E como é o seu dia-a-dia no bairro? O que faz?
Eu ando muito a pé e isso é uma vantagem, não pego tanto trânsito, estou sempre vendo muitas coisas. Eu gosto muito de andar a pé. Moro perto, então para que pegar o carro, enfrentar trânsito, ter que procurar lugar para estacionar? Quando preciso, pego um táxi. Eu não saio de Pinheiros e da Vila Madalena basicamente, o que é uma estratégia (risos). Claro que saio, mas meu dia a dia acontece por aqui. Feira, supermercado, lojas, tudo por aqui. Ando a pé, de táxi, de ônibus, até de bicicleta de vez em quando.

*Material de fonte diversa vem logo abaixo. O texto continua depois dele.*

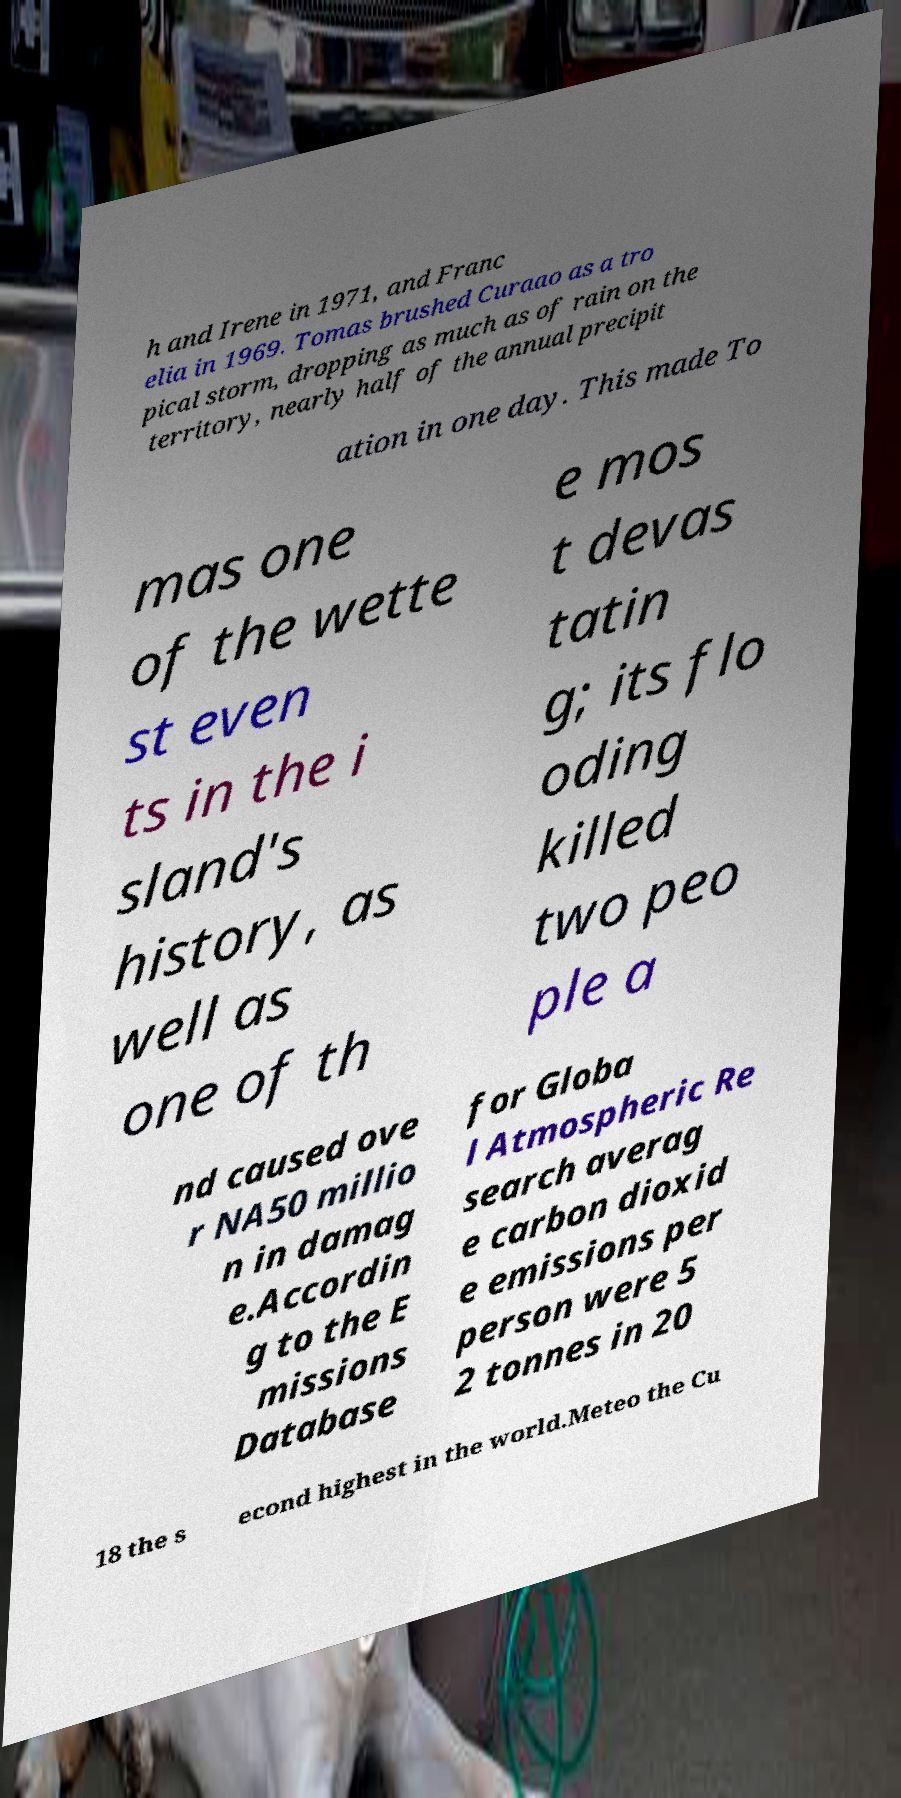Can you accurately transcribe the text from the provided image for me? h and Irene in 1971, and Franc elia in 1969. Tomas brushed Curaao as a tro pical storm, dropping as much as of rain on the territory, nearly half of the annual precipit ation in one day. This made To mas one of the wette st even ts in the i sland's history, as well as one of th e mos t devas tatin g; its flo oding killed two peo ple a nd caused ove r NA50 millio n in damag e.Accordin g to the E missions Database for Globa l Atmospheric Re search averag e carbon dioxid e emissions per person were 5 2 tonnes in 20 18 the s econd highest in the world.Meteo the Cu 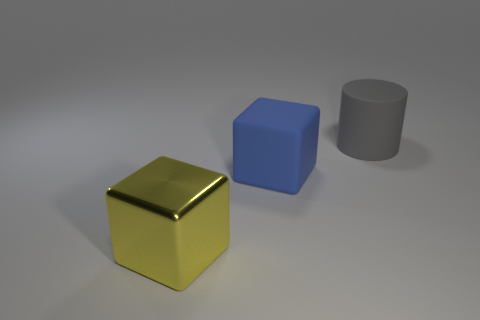Add 2 yellow objects. How many objects exist? 5 Subtract all cylinders. How many objects are left? 2 Subtract 1 gray cylinders. How many objects are left? 2 Subtract all matte blocks. Subtract all gray rubber cylinders. How many objects are left? 1 Add 2 large blue objects. How many large blue objects are left? 3 Add 2 rubber blocks. How many rubber blocks exist? 3 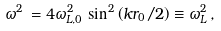<formula> <loc_0><loc_0><loc_500><loc_500>\omega ^ { 2 } \, = 4 \omega _ { L , 0 } ^ { 2 } \, \sin ^ { 2 } \left ( { k r _ { 0 } } / { 2 } \right ) \equiv \omega _ { L } ^ { 2 } \, ,</formula> 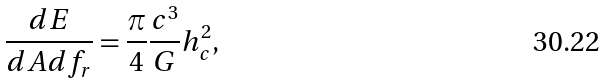<formula> <loc_0><loc_0><loc_500><loc_500>\frac { d E } { d A d f _ { r } } = \frac { \pi } { 4 } \frac { c ^ { 3 } } { G } h _ { c } ^ { 2 } ,</formula> 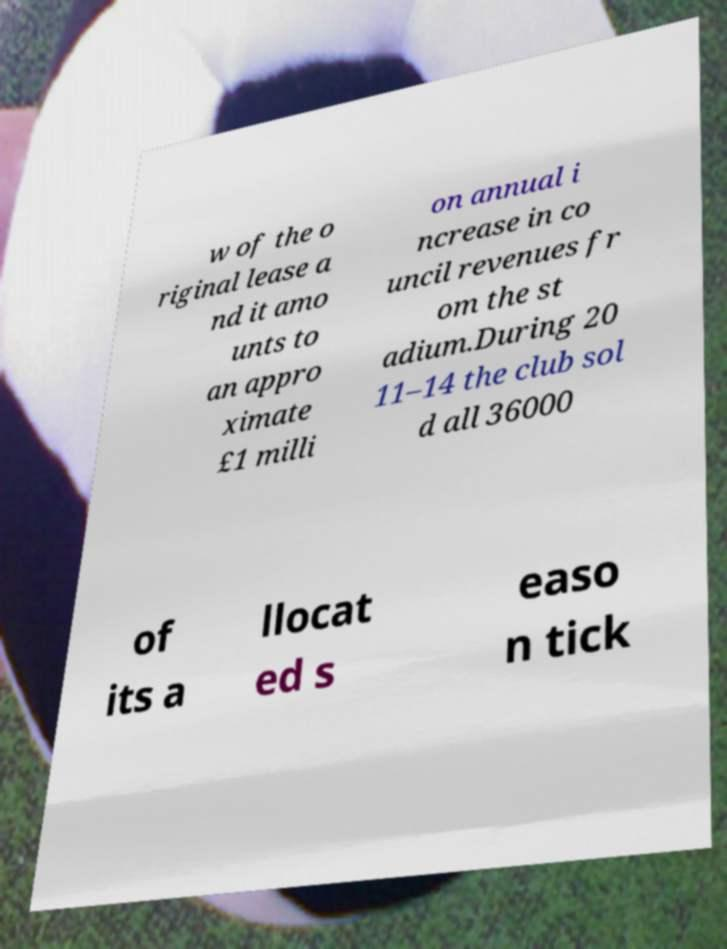Can you accurately transcribe the text from the provided image for me? w of the o riginal lease a nd it amo unts to an appro ximate £1 milli on annual i ncrease in co uncil revenues fr om the st adium.During 20 11–14 the club sol d all 36000 of its a llocat ed s easo n tick

Em quais lugares você mais gosta de comer, beber, passear? Enfim, onde se diverte?
Vou incluir o Pasquale na Vila, mas ele na verdade fica lá perto do metrô Sumaré (Rua Amália de Noronha, 167), só que ele escreveu o hino da Pérola Negra – ele cantarola o hino –, e onde quer que ele esteja ele é da Vila Madalena. Vou de vez em quando, eu ia sempre, na Mercearia São Pedro, no Martín Fierro, no Jacaré, na Livraria da Vila, na FNAC – esses são os lugares que eu mais frequento. Eu gosto das coisas simples da vida. Gosto do pastel da feira. No fundo, o que eu gosto mesmo é de morar numa cidade imensa como São Paulo e conhecer pessoas como se fosse uma cidade do interior. Isso para mim é muito importante, conhecer os vizinhos. Essa é uma coisa que tem em São Paulo, não só da Vila Madalena. Gosto dos grafites, das casas pintadas, das lojas bonitinhas, das calçadas com gente tomando cerveja. Esse movimento de festa.

Você falou em escola de samba?
Sim, eu tenho saído na Pérola Negra, não todos os anos, mas quase todos.

Mas você tem samba no pé?
Não, isso é pedir muito para um americano (risos). Eles me toleram por lá. Ano passado saí na velha guarda da Pérola, fui promovido pelo Pasquale. Normalmente saio na ala dos amantes do samba. De vez em quando dou uma força de última hora para reunir o povo. Até já escrevi duas crônicas sobre isso, contando que eu não acredito que a escola vai funcionar e sempre acaba funcionando.

O que é a Vila, então?
A Vila Madalena para mim é o dia-a-dia, é uma festa constante.